Un peloton de nuages

Publié le par la freniere

 

Un peloton de nuages fusille l’horizon de ses balles d’eau froide, une goutte pour le cœur, une autre pour la tête, un éclat dans la chair, un éclair dans les yeux. Un doigt de pluie caresse l’aube lunaire du lac offrant son ventre plat aux plumes des malards.  J’écris sans parapluie, laissant le ciel mouiller les pages de mon seaman’s handbook. Il y a de tout entre les mots, des idées creuses comme des pattes de criquets, des volées d’hirondelles, une main courante cherchant ses doigts, un pied de biche battant semelle, des gémissements d’amour, des pieds dépareillés, des alouettes échappées d’un miroir, des souvenirs flambettes à peine issus d’hier, des voitures d’enfant, des pas d’ivrognes détraquant la boussole, des âmes déjà damnées cherchant la rédemption, des châteaux en Espagne, même des boites aux trésors. C’est un marché aux puces.
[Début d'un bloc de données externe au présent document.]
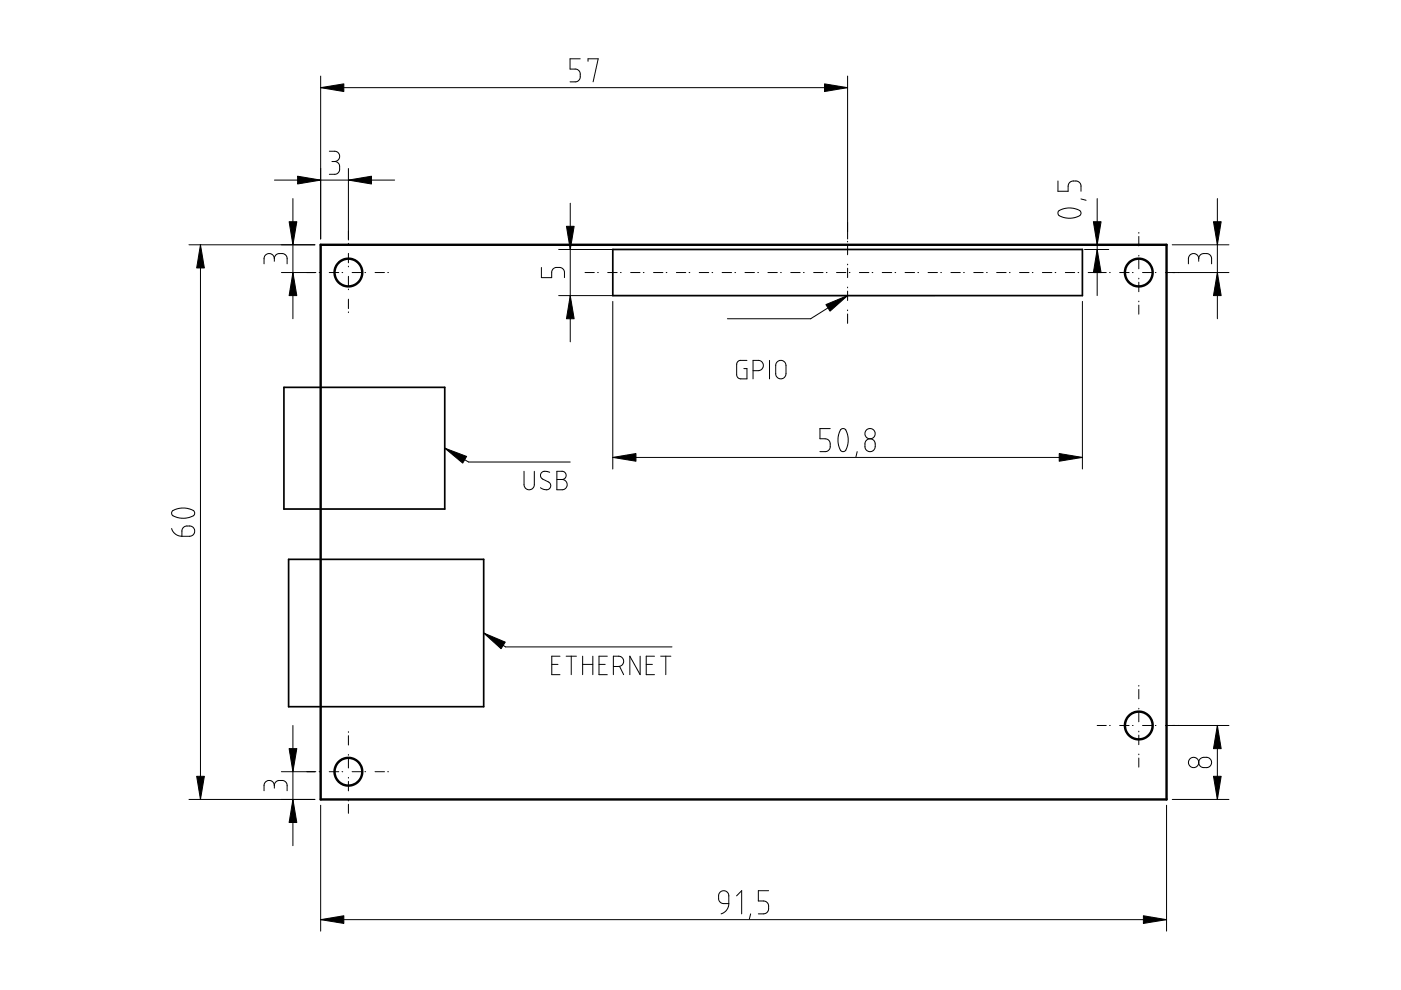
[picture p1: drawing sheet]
<svg xmlns="http://www.w3.org/2000/svg" width="297mm" height="210mm" viewBox="0 0 297 210" stroke-linecap="round" stroke-linejoin="round" font-family="sans-serif">
<path d="M129.9 52.9h99.6v9.8h-99.6zM60.2 82.1h34.1v25.8h-34.1zM61.2 118.6h41.4v31.2h-41.4z" fill="none" stroke="#000" stroke-width=".36"/>
<g fill="none" stroke="#000" stroke-width=".21">
<path d="M68 16.1v34.6M68 18.6h111.7M123 12.5h-2.1v2.1l1.4 .1 .5 .3 .2 .6v.9l-.3 .6-.6 .3h-1.2M124.7 13v-.5h2.1l-1 4.9M179.7 16.1v34.6M58.2 38.2h25.5M69.8 32.1h1.4l.5 .3 .2 .3v1l-.4 .4-.6 .1M70.4 34.2h.5M70.9 34.2l.6 .2 .4 .5v1.5l-.6 .5-1.5 .1M73.9 35.7v15.2M224.3 38.4v2.2h2.2l.1-1.6 .4-.5 .4-.1h1.1l.4 .4 .3 .5v1.3M40.1 51.9h26.7"/>
<path d="M42.5 51.9v117.6M58.2 54.8l-.2-.5-.4-.4-.7-.1-.4 .1-.5 .6v1.4M58.2 54.8l.2-.6 .4-.4h1.2l.3 .1 .5 .6 .1 1.4M58.2 54.8v.6M59.7 57.8h7.3M62.1 42.1v25.5M67.7 57.8h.1M69.8 57.8h2M72.5 57.8h.2M73.9 51.6v.1M73.9 53.7v2M73.9 56.4v.2"/>
<path d="M73.9 58.6v2M74.7 57.8h2M77.4 57.8h.1M79.5 57.8h2M82.2 57.8h.2M114.8 56.7v2.2h2.2v-1.5l.3-.4 .6-.3h.9l.6 .3 .3 .6v1.3M118.4 52.9h79.6M120.9 43.1v29.4M124 57.8h2M126.7 57.8h.2M128.8 57.8h2.1M131.6 57.8h.1"/>
<path d="M133.7 57.8h2M136.4 57.8h.1M138.6 57.8h1.9M141.2 57.8h.2M143.4 57.8h2M146.1 57.8h.2M148.3 57.8h2M151 57.8h.1M153.1 57.8h2M155.8 57.8h.2M157.9 57.8h2.1M160.7 57.8h.1"/>
<path d="M162.8 57.8h2M165.5 57.8h.2M167.7 57.8h2M170.3 57.8h.2M172.5 57.8h2M175.2 57.8h.1M177.4 57.8h1.9M179.7 51.2v.1M179.7 52v2M179.7 56v.2M179.7 56.9v2M180.1 57.8h.1"/>
<path d="M182.2 57.8h2M184.9 57.8h.2M187 57.8h2.1M189.8 57.8h.1M191.9 57.8h2M194.6 57.8h.2M196.8 57.8h2M199.5 57.8h.1M201.6 57.8h2M204.3 57.8h.1M206.5 57.8h1.9M209.2 57.8h.1"/>
<path d="M211.3 57.8h2M214 57.8h.2M216.2 57.8h2M218.9 57.8h.1M221 57.8h2M223.7 57.8h.2M224.5 44.7l1.3-.5 1.6-.1 1.5 .5 .3 .3v.4l-.2 .4-.8 .3-.9 .2h-1.1l-.9-.2-.8-.3-.2-.7zM225.9 57.8h2M228.6 57.8h.1M229.2 42.2l1.1 .3M229.9 51.9h5.2M229.9 52.9h5.2"/>
<path d="M230.7 57.8h3.8M232.6 42.1v20.6M235.2 57.8h.2M237.4 57.8h2M240.1 57.8h.1M241.4 49.3v.1M241.4 50.1v2M241.4 54.1v.2M241.4 55v2M241.4 59v.1M241.4 59.8v2M242.2 57.8h2"/>
<path d="M244.9 57.8h.2M247.1 57.8h13.5M248.5 51.9h12.1M254.1 54.8l-.1-.5-.4-.4-.3-.1-.7 .1-.6 .6v1.4M254.1 54.8l.3-.6 .4-.4h1.3l.5 .3 .2 .4 .1 1.4M254.1 54.8v.6M258.1 42.1v25.5M73.9 61.3v.1M73.9 63.4v2M73.9 66.1v.2M118.4 62.7h79.7M129.9 63.9v35.5"/>
<path d="M158.4 76.4h-1.6l-.6 .6v2.6l.4 .6 1.8 .1v-2.2h-.7M159.7 78.6h1.3l.6-.4 .2-.3v-.6l-.3-.6-.6-.3h-1.2v3.9M163.2 76.4v3.9M164.8 76.7l.5-.3h.4l.6 .3 .3 .4v2.3l-.2 .6-.5 .3-.9-.1-.5-.6v-2.3zM179.7 60.9v.1M179.7 61.7v2M179.7 65.7v.2M179.7 66.6v2M179.7 62.7l-7.8 4.9h-17.7M229.5 63.9v35.5M241.4 63.8v.2M241.4 64.7v1.9"/>
<path d="M94.3 95l5.1 3h21.5M111.1 99.9v3l.3 .6 .7 .3 .8-.2 .3-.5 .1-3.2M118.1 99.9h1.2l.7 .5v.5l-.1 .4-.7 .4 .5 .1 .3 .3 .2 .8-.2 .5-.5 .4h-1.4zM129.9 97h99.6M176 90.9h-2.2v2.1l1.6 .1 .4 .4 .2 .5v.8l-.3 .7-.6 .3h-1.3M178.2 91.1l.4-.2 .6 .1 .3 .6 .3 1.1v1l-.2 1-.3 .8-.5 .3-.6-.3-.5-1.6v-1.5zM181.7 95.8l-.2 1M183.6 93.4l.4-.2 .5-.2 .8 .5 .2 .4 .1 .8-.1 .4-.4 .4-.8 .3-.7-.5-.2-.5v-.8zM36.4 112.1l.3 .6 .5 .6 .7 .3 .7 .1M36.6 108.3l1.4-.5h1.6l1.4 .4 .3 .7-.3 .4-.8 .4-2 .2-1.1-.3-.6-.4-.1-.5zM38.8 111.9l.7-.4 1.2 .2 .5 .5-.1 1-.7 .5h-1.8v-1.2zM116.5 100.1l-.8-.2-.5 .1-.5 .3-.1 .6 .4 .6 1.6 .9 .2 .5-.1 .5-.7 .4h-.7l-.7-.4"/>
<path d="M118.1 101.7h1.1M102.6 134.2l4.6 3h35.3M118.7 139.1h-1.7v3.9h1.7M120 139.1h2.2M121.1 139.1v3.9M123.5 139.1v3.9M125.7 139.1v3.9M128.8 139.1h-1.8v3.9h1.8M135.7 139.1v3.9l-2.2-3.9v3.9M138.8 139.1h-1.8v3.9h1.8M140.1 139.1h2.1M141.2 139.1v3.9"/>
<path d="M62.1 153.8v25.5M73.9 155.1v.2M73.9 156v2M73.9 160v.1M117 140.9h1.3M123.5 140.9h2.2M127 140.9h1.3M130 141.3h1.4l.4-.2 .4-.7-.2-.8-.7-.5h-1.3v3.9M131.4 141.3l.8 1.7M137 140.9h1.3M232.6 153.8h1.9M235.2 153.8h.2"/>
<path d="M237.4 153.8h2M240.1 153.8h.1M241.4 145.3v.2M241.4 146.2v2M241.4 150.2v.1M241.4 151v2M241.4 155v.2M241.4 155.9v2M241.4 159.9v.1M242.2 153.8h2M244.9 153.8h.2M247.1 153.8h13.5"/>
<path d="M258.1 153.8v15.7M40.1 169.5h26.7M58.2 166.6l-.1-.4-.4-.6-1-.1-.6 .6-.1 1.6M58.2 166.6l.2-.8 .4-.3 1.5 .1 .5 .6 .1 1.5M58.2 166.6v.5M59.7 163.6h7.3M67.7 163.6h.1M68 170.7v26.7M69.8 163.6h2M72.5 163.6h.2M73.9 160.8v2M73.9 164.8v.2"/>
<path d="M73.9 165.7v2M73.9 169.7v.1M73.9 170.5v1.9M74.7 163.6h2M77.4 163.6h.1M79.5 163.6h2M82.2 163.6h.2M241.4 160.7v1.9M247.3 170.7v26.7M248.5 169.5h12.1M254.4 160.9l.7-.3 1.3 .1 .5 .7-.1 .7-.3 .4-.5 .2-.9 .1-.4-.2-.4-.4-.2-.5zM68 195h179.3"/>
<path d="M152.6 189.3l.4-.3 .5-.2 .8 .5 .2 .5v1.8h-1.3l-.5-.3-.3-.6v-1zM154.5 191.6v.6l-.4 .7-.5 .5-.7 .4M156.2 189.9l1-1.1v5M159.2 193.8l-.3 1M163 188.8h-2.2v2.2l1.5 .1 .5 .4 .2 .5-.1 1.1-.3 .4-.6 .3h-1.2"/>
<circle cx="184.5" cy="91.9" r="1.09"/>
<circle cx="253.1" cy="161.7" r="1.09"/>
</g>
<g fill="none" stroke="#000" stroke-width=".51">
<path d="M68 51.9h179.3v117.6h-179.3z"/>
<circle cx="73.9" cy="57.8" r="2.94"/>
<circle cx="241.4" cy="57.8" r="2.94"/>
<circle cx="241.4" cy="153.8" r="2.95"/>
<circle cx="73.9" cy="163.6" r="2.95"/>
</g>
<g fill="#000" stroke="#000" stroke-width=".21">
<path d="M68 18.6l4.9-.8v1.6zM174.8 17.8l4.9 .8-4.9 .8zM63.1 37.4l4.9 .8-4.9 .8zM73.9 38.2l4.9-.8v1.6zM42.5 51.9l.8 4.9h-1.6zM61.3 47h1.6l-.8 4.9zM62.1 57.8l.8 4.9h-1.6zM120.1 48h1.6l-.8 4.9zM231.8 47h1.6l-.8 4.9zM232.6 52.9l.8 4.9h-1.6zM257.3 47h1.6l-.8 4.9zM258.1 57.8l.8 4.9h-1.6z"/>
<path d="M120.9 62.7l.8 4.9h-1.6zM175.1 64.6l4.6-1.9-3.7 3.3zM94.3 95l4.6 1.8-.8 1.4zM129.9 97l4.9-.8v1.6zM224.6 96.2l4.9 .8-4.9 .8zM102.6 134.2l4.5 1.9-.9 1.4zM258.1 153.8l.8 4.9h-1.6zM41.7 164.6h1.6l-.8 4.9zM61.3 158.7h1.6l-.8 4.9zM62.1 169.5l.8 4.9h-1.6zM257.3 164.6h1.6l-.8 4.9zM68 195l4.9-.8v1.6z"/>
<path d="M242.4 194.2l4.9 .8-4.9 .8z"/>
</g>
</svg>

Tout est bon pour écrire. Il n’est que de guetter l’extraordinaire, le fil qui dépasse, la portière qui coince, deux amoureux qui s’aiment pour de vrai, une colombe roucoulant auprès d’une corneille, une corbeille à papier d’où s’échappent des phrases habillées d’espagnol ou de latin ancien.

         Les têtes devenues trop larges rapetissent le cerveau. Tant est qu’au petit matin, on se retrouve plié en quatre au fond d’un portefeuille. Il n’y a plus de mendiants à la porte des églises. (Aucune âme charitable ne fréquente ces lieux.) Ils dessinent des lèvres aux bouches de métro, espérant sans doute la ferraille d’un pourboire. Sur un vieux banc de parc, la petite sœur des pauvres distribue des sourires. Il n’y a plus de coins sombres où méditer à l’aise. Dans le moindre des bars, les comptoirs brillent comme un dentier de luxe. Même au fond des rangs, des lampadaires halogènes bouffent le gras de la nuit. Je garde en moi quelques morts debout. Dormir des deux yeux m’empêche de rêver. Je couche avec de l’encre sur un lit de papier. J’ai déjà trop vécu pour faire semblant de vivre. Je parle au vent du nord un langage de neige. Les cathédrales de feuillage s’enflamment avant l’hiver. Les érables du parc changent d’habit et jettent leur perruque. À chaque automne, la chlorophylle vient à manquer. Le froid change les choses. La terre s’épaissit. Le ciel est transparent. De midi à l’hiver, le temps s’est arrêté. On sent déjà dans l’air l’odeur coupante du gel. Dans toutes les réponses que l’on apporte à vivre, la question reste entière.

         Après avoir vendu son âme, son cœur et même son sang, vendre sa peau aux tatoueurs est devenu la mode. Il n’y a plus d’authentiques vagabonds. Le fantastique social a été mis en fiches. J’ai rangé le bâton, le fouet, le fusil. Je porte en bandoulière des regards étonnés, ceux d’un enfant surpris par le goût des citrons. Le poing en poche, le stylo sur l’oreille, j’échappe à chaque pas tout un sac d’images. Je n’ai jamais appris les ficelles du métier. Mes phrases tiennent avec des élastiques, des bouts de sparadrap, des lacets de bottine mordillés par un chien, des bouts de laine délavés par le chagrin des hommes. Il manque toujours une marche à l’escalier de la vie, une goutte à la pluie, quelques longueurs de bras pour gratter les nuages. Il manque toujours un mot tout au bout de la phrase. Le même où l’on butait à la petite école. Je cours jusqu’aux arbres pour retrouver mon âme et le vrai goût du sens. La peau tapissée par la soif, du sel sur la langue, j’écris à m’en ouvrir le ventre. J’ai beau crier plus fort que le chant des monnaies, mes mots retombent avec un bruit de larmes. Adieu les magasins, les églises, les banques ! Je m’en vais loin de vous nicher parmi les rêves, la marée blonde des granges, les odeurs végétales, les mariages d’oiseaux.